I'd like to expand my annotation to include concepts from vocabularies other than SNOMED and RxNORM--specifically, terms from the NCI Thesaurus for cancer-specific terms that are not in SNOMED--e.g., "Stage IB non-small cell lung cancer" (UMLS CUI C1336139). What's the best way to accomplish this?
Regards,
Alan Simmons
--
J. Alan Simmons
Solution Architect
(c) +1.773.220.5018<tel:%2B1.773.220.5018>
[https://docs.google.com/uc?export=download&id=0B_ZiIlRgT_0DRHBNQ20zYkNvYjg&revid=0B_ZiIlRgT_0DUDFod1hqNWFCbjdCcGRNZ2Q4d3RhaFF6bHZJPQ]

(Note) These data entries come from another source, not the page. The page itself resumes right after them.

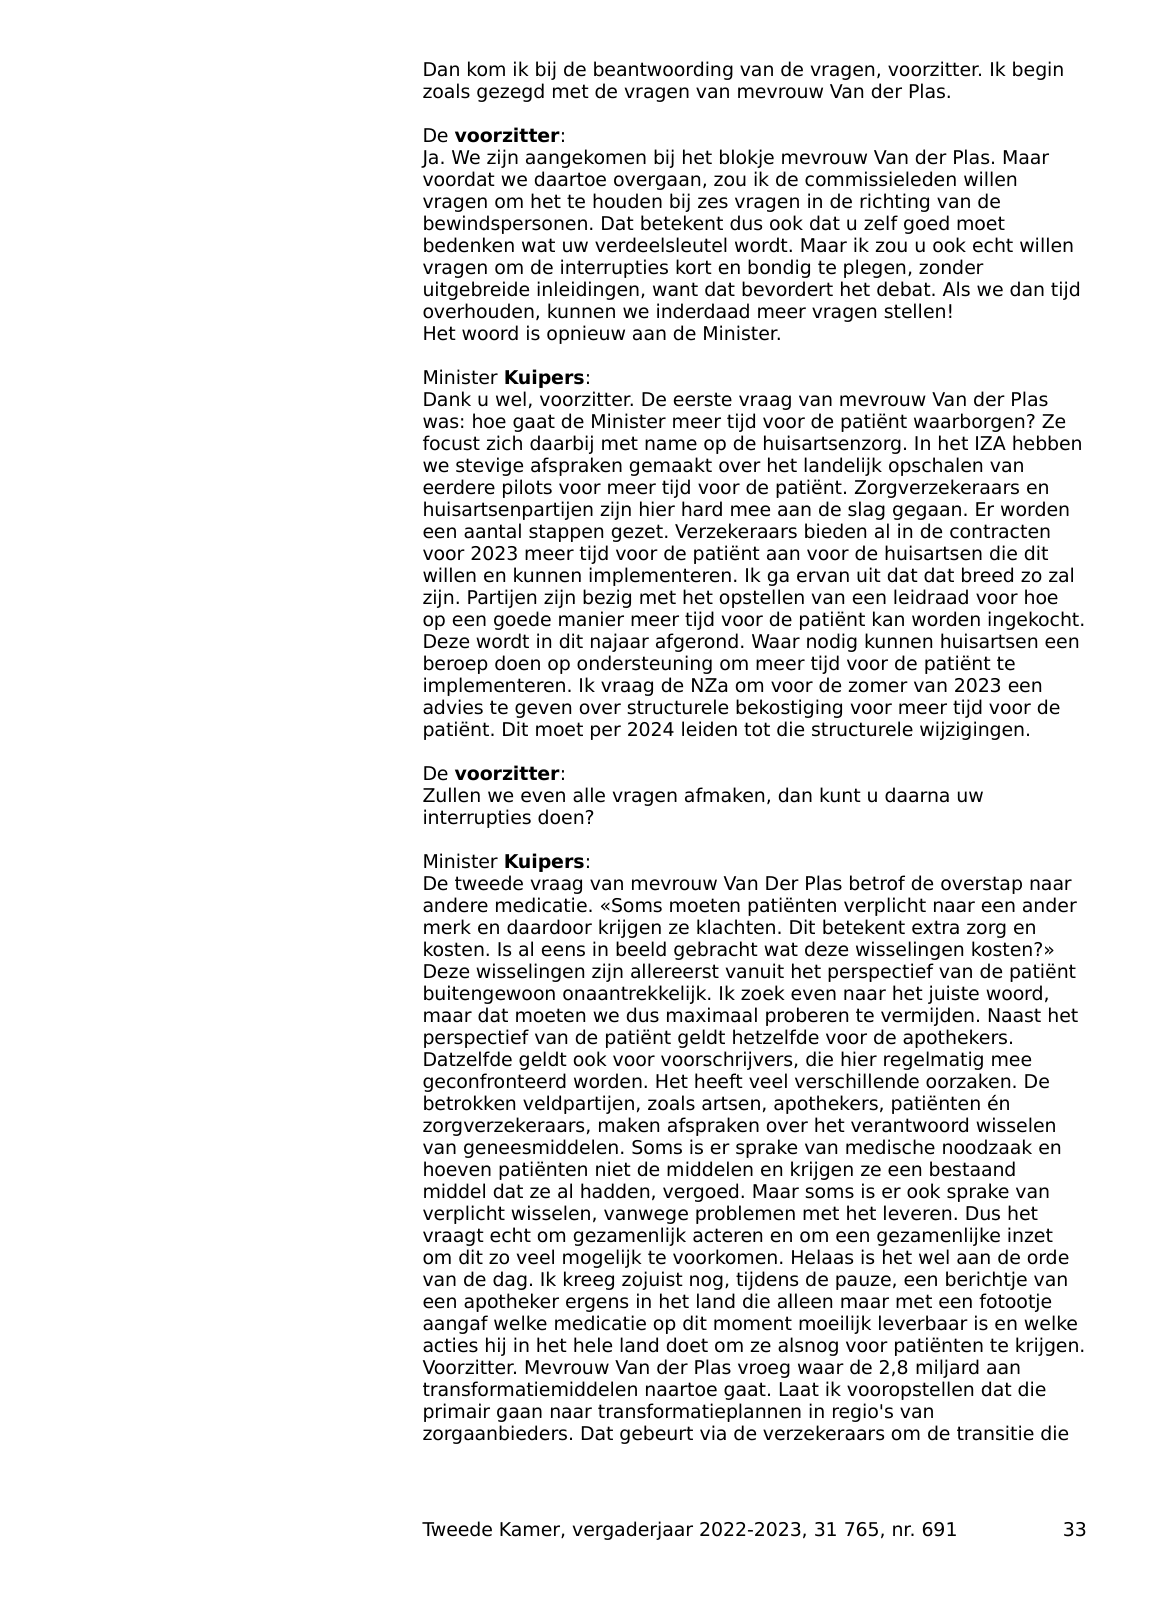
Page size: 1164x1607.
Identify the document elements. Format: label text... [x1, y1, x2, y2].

text De voorzitter: [422, 125, 1087, 147]
text Minister Kuipers: [422, 367, 1087, 389]
text Voorzitter. Mevrouw Van der Plas vroeg waar de 2,8 miljard aan transformatiemiddelen naartoe gaat. Laat ik vooropstellen dat die primair gaan naar transformatieplannen in regio's van zorgaanbieders. Dat gebeurt via de verzekeraars om de transitie die [422, 1357, 1087, 1444]
text Ja. We zijn aangekomen bij het blokje mevrouw Van der Plas. Maar voordat we daartoe overgaan, zou ik de commissieleden willen vragen om het te houden bij zes vragen in de richting van de bewindspersonen. Dat betekent dus ook dat u zelf goed moet bedenken wat uw verdeelsleutel wordt. Maar ik zou u ook echt willen vragen om de interrupties kort en bondig te plegen, zonder uitgebreide inleidingen, want dat bevordert het debat. Als we dan tijd overhouden, kunnen we inderdaad meer vragen stellen! [422, 147, 1087, 323]
text De tweede vraag van mevrouw Van Der Plas betrof de overstap naar andere medicatie. «Soms moeten patiënten verplicht naar een ander merk en daardoor krijgen ze klachten. Dit betekent extra zorg en kosten. Is al eens in beeld gebracht wat deze wisselingen kosten?» Deze wisselingen zijn allereerst vanuit het perspectief van de patiënt buitengewoon onaantrekkelijk. Ik zoek even naar het juiste woord, maar dat moeten we dus maximaal proberen te vermijden. Naast het perspectief van de patiënt geldt hetzelfde voor de apothekers. Datzelfde geldt ook voor voorschrijvers, die hier regelmatig mee geconfronteerd worden. Het heeft veel verschillende oorzaken. De betrokken veldpartijen, zoals artsen, apothekers, patiënten én zorgverzekeraars, maken afspraken over het verantwoord wisselen van geneesmiddelen. Soms is er sprake van medische noodzaak en hoeven patiënten niet de middelen en krijgen ze een bestaand middel dat ze al hadden, vergoed. Maar soms is er ook sprake van verplicht wisselen, vanwege problemen met het leveren. Dus het vraagt echt om gezamenlijk acteren en om een gezamenlijke inzet om dit zo veel mogelijk te voorkomen. Helaas is het wel aan de orde van de dag. Ik kreeg zojuist nog, tijdens de pauze, een berichtje van een apotheker ergens in het land die alleen maar met een fotootje aangaf welke medicatie op dit moment moeilijk leverbaar is en welke acties hij in het hele land doet om ze alsnog voor patiënten te krijgen. [422, 873, 1087, 1357]
text Dank u wel, voorzitter. De eerste vraag van mevrouw Van der Plas was: hoe gaat de Minister meer tijd voor de patiënt waarborgen? Ze focust zich daarbij met name op de huisartsenzorg. In het IZA hebben we stevige afspraken gemaakt over het landelijk opschalen van eerdere pilots voor meer tijd voor de patiënt. Zorgverzekeraars en huisartsenpartijen zijn hier hard mee aan de slag gegaan. Er worden een aantal stappen gezet. Verzekeraars bieden al in de contracten voor 2023 meer tijd voor de patiënt aan voor de huisartsen die dit willen en kunnen implementeren. Ik ga ervan uit dat dat breed zo zal zijn. Partijen zijn bezig met het opstellen van een leidraad voor hoe op een goede manier meer tijd voor de patiënt kan worden ingekocht. Deze wordt in dit najaar afgerond. Waar nodig kunnen huisartsen een beroep doen op ondersteuning om meer tijd voor de patiënt te implementeren. Ik vraag de NZa om voor de zomer van 2023 een advies te geven over structurele bekostiging voor meer tijd voor de patiënt. Dit moet per 2024 leiden tot die structurele wijzigingen. [422, 389, 1087, 741]
text Minister Kuipers: [422, 851, 1087, 873]
text Het woord is opnieuw aan de Minister. [422, 323, 1087, 345]
text Zullen we even alle vragen afmaken, dan kunt u daarna uw interrupties doen? [422, 785, 1087, 829]
text Dan kom ik bij de beantwoording van de vragen, voorzitter. Ik begin zoals gezegd met de vragen van mevrouw Van der Plas. [422, 59, 1087, 103]
text De voorzitter: [422, 763, 1087, 785]

This email and any attachments may contain privileged and confidential information and/or protected health information (PHI) that is protected by federal and state privacy laws. It is intended solely for the use of Tempus Labs and the recipient(s) named above. Nothing contained in this communication and any attachments thereto is intended to waive any privileges or rights of confidentiality. If you are not the recipient, or the employee or agent responsible for delivering this message to the intended recipient, you are hereby notified that any review, dissemination, distribution, printing or copying of this email message and/or any attachments is strictly prohibited. If you have received this transmission in error, please notify us immediately at (877)-654-5544 and permanently delete this email and any attachments.